37-38. Supertrain and Time Express (1979)
During the late ’70s, viewers were unable to escape hourlong, guest-star-laden anthology dramas. Inspired by Saturday-night ratings juggernauts The Love Boat and Fantasy Island, Supertrain and Time Express offered several storylines tied together by a single shared location. Presumably working on the premise that what works on the water will equally rock on the rails, NBC created Supertrain, about a nuclear-powered train that featured ridiculously gauche amenities like a swimming pool and a shopping center, and regularly featured guests with romantic dilemmas or other business and personal woes.

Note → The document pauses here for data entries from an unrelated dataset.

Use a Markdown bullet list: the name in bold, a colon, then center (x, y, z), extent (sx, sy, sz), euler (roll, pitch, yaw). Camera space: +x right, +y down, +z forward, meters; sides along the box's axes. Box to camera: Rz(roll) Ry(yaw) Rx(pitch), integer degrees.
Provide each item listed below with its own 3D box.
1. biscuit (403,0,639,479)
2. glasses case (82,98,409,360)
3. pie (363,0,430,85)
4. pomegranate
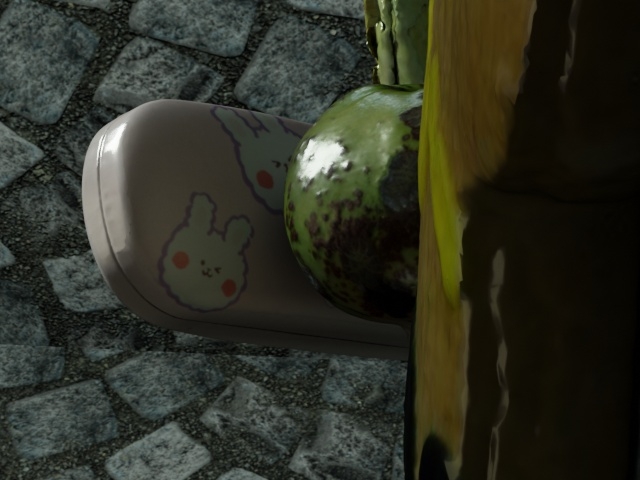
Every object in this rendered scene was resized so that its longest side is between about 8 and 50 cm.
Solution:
- **biscuit**: center (0.057, 0.005, 0.595), extent (0.368, 0.076, 0.394), euler (-82, -7, -70)
- **glasses case**: center (0.000, 0.000, 0.931), extent (0.297, 0.075, 0.113), euler (10, -118, -46)
- **pie**: center (0.080, -0.118, 1.151), extent (0.306, 0.071, 0.306), euler (-6, -90, -79)
- **pomegranate**: center (0.061, -0.004, 0.828), extent (0.125, 0.163, 0.138), euler (-49, 11, -5)

Heading out of the same station but taking a complete left turn, CBS offered up Time Express, starring real-life husband and wife Vincent Price and Coral Browne as the host and hostess of a locomotive capable of taking its passengers back in time to key moments of their pasts. Although the series were unabashedly modeled on The Love Boat and Fantasy Island, respectively, each reached its final destination before its episode count hit the double digits.